Les inégalités de disponibilité alimentaire restent importantes avec en moyenne plus de 4000 kcal/jour/personne dans les pays de l’OCDE contre 2500 kcal/jour/personne en Afrique sub-saharienne. Aujourd’hui d’après la FAO, plus de 800 millions de personnes ont faim, principalement pour des raisons de difficultés d’accès liées aux guerres et crises ou à la pauvreté.
L’évolution de la demande alimentaire dans les différentes régions du monde sera-t-elle déterminante pour assurer la sécurité alimentaire de tous, en quantité comme en composition, et pour la bonne gestion des ressources naturelles ?
L’empreinte écologique de l’alimentation
Il est plus courant de s’intéresser aux relations entre alimentation et santé qu’entre alimentation et environnement.
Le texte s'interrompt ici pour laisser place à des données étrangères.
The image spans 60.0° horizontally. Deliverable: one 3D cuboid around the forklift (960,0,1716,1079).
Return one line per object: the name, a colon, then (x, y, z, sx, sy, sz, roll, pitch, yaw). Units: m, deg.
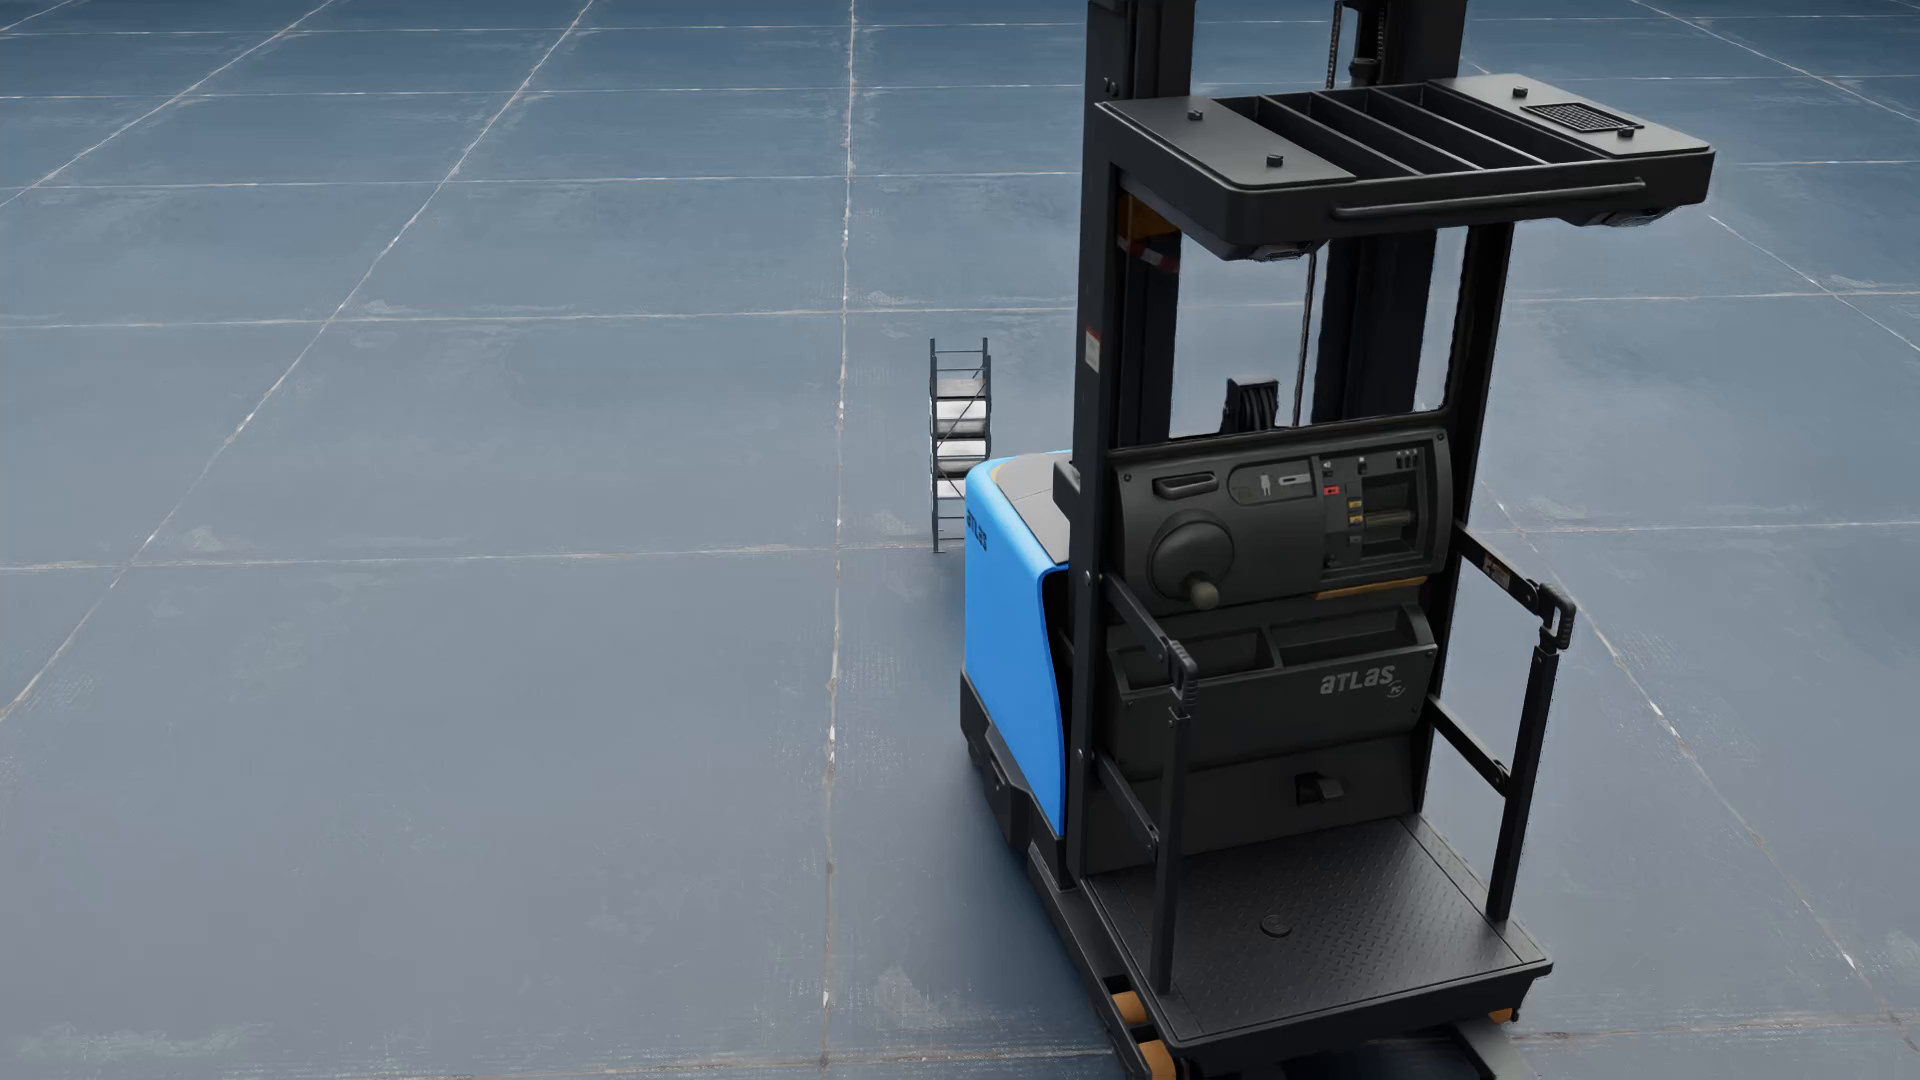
forklift: (0.909, -0.015, 4.110, 1.130, 2.935, 3.031, -8, 29, -15)

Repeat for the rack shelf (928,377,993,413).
rack shelf: (0.000, -0.605, 6.925, 0.258, 0.077, 0.200, -1, 28, -3)

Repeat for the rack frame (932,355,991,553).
rack frame: (0.006, -0.348, 6.945, 0.240, 0.900, 0.006, -1, 28, -3)

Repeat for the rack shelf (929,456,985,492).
rack shelf: (0.000, -0.286, 7.092, 0.258, 0.077, 0.200, -1, 28, -3)

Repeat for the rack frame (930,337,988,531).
rack frame: (-0.005, -0.442, 7.125, 0.240, 0.900, 0.006, -1, 28, -3)

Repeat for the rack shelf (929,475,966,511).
rack shelf: (0.000, -0.206, 7.133, 0.258, 0.077, 0.200, -1, 28, -3)

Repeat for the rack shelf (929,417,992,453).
rack shelf: (0.000, -0.445, 7.009, 0.258, 0.077, 0.200, -1, 28, -3)

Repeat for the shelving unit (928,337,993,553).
shelving unit: (0.000, -0.395, 7.035, 0.258, 0.900, 0.210, -1, 28, -3)

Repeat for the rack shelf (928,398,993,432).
rack shelf: (0.000, -0.525, 6.967, 0.258, 0.077, 0.200, -1, 28, -3)

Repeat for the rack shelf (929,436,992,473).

Or c’est un aspect qu’on ne saurait négliger. Les emballages alimentaires constituent par exemple 80% des emballages ménagers. Dans un pays comme la France les produits alimentaires sont à l’origine de 23% de l’empreinte carbone, 9% de l’empreinte énergie, 55% de l’empreinte gaz acidifiants et 23% de l’empreinte eau d’après l’ADEME.
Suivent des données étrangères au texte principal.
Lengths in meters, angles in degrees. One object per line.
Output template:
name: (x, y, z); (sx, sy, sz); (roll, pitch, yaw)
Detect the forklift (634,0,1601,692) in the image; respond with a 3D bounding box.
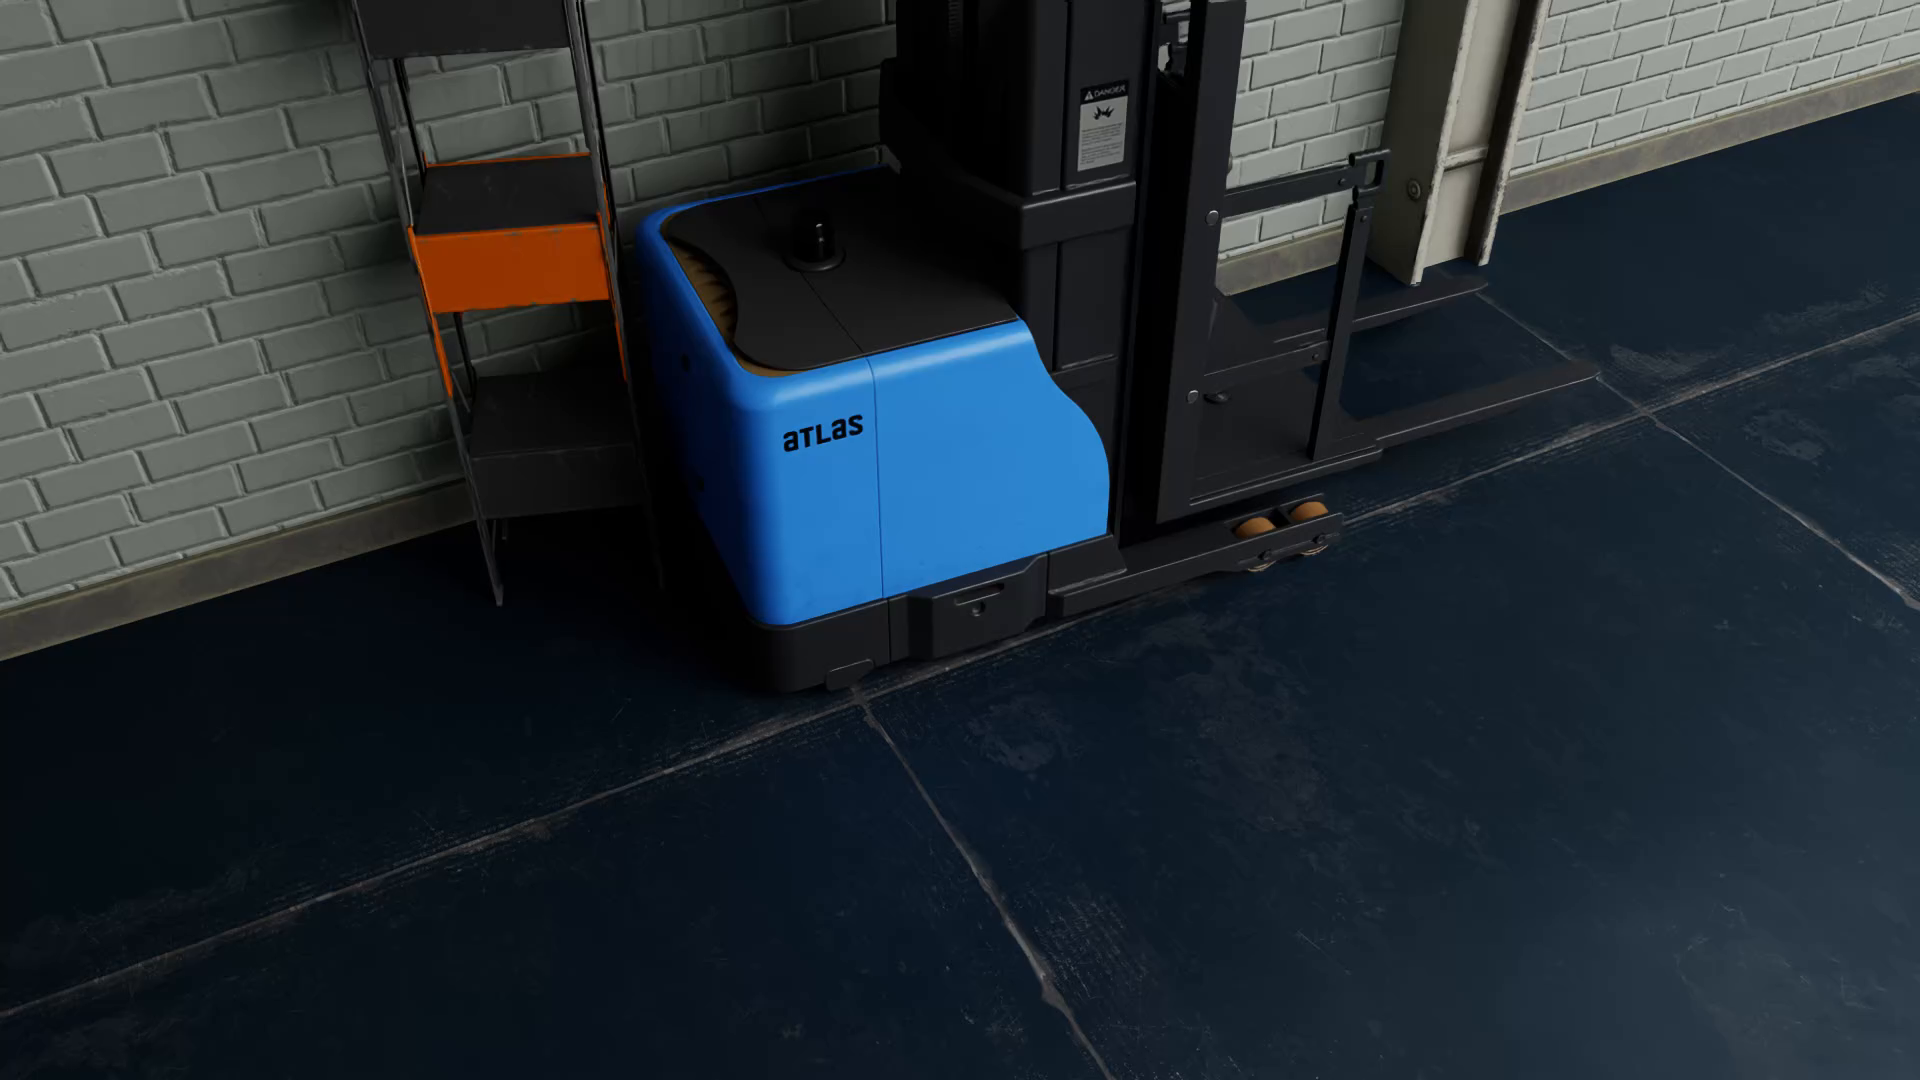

Les impacts varient évidemment beaucoup selon les modes de production, plus ou moins gourmands en eau, par exemple. Pour l’empreinte énergie, le transport compte : en France, toujours, le transport des denrées alimentaires représente 30 à 50% des transports de marchandises. Et il ne faut pas oublier le trajet domicile - magasin : ramené au kilogramme transporté, la consommation de gas-oil nécessaire pour un aller-retour au supermarché (5 km, 30 kg transportés) correspondrait à 800 km de parcours par camion ! Evidemment, les empreintes environnementales varient selon le mode de transport, dans un sens croissant par bateau, par camion, par voiture ou par avion.
Une partie de cet impact a lieu en quelque sorte « pour rien », puisqu’une partie considérable de la production, abîmée, est jetée avant même d’être consommée. En 2011, les pertes et gaspillages agricoles et alimentaires s’élevaient d’après la FAO en Europe et Amérique du Nord de 208 à 300 kg par personne et par an, en prenant en compte toute la chaîne depuis les intrants agricoles jusqu’à la consommation. L’ADEME avance pour la France le chiffre de 20 kg/personne/an gaspillés à domicile. Chacun d’entre nous peut agir sur ce poste pour le réduire. Mais dans les empreintes écologiques liées à l’alimentation, sauf pour celle liée à l’énergie, c’est la partie amont de la chaîne qui pèse le plus.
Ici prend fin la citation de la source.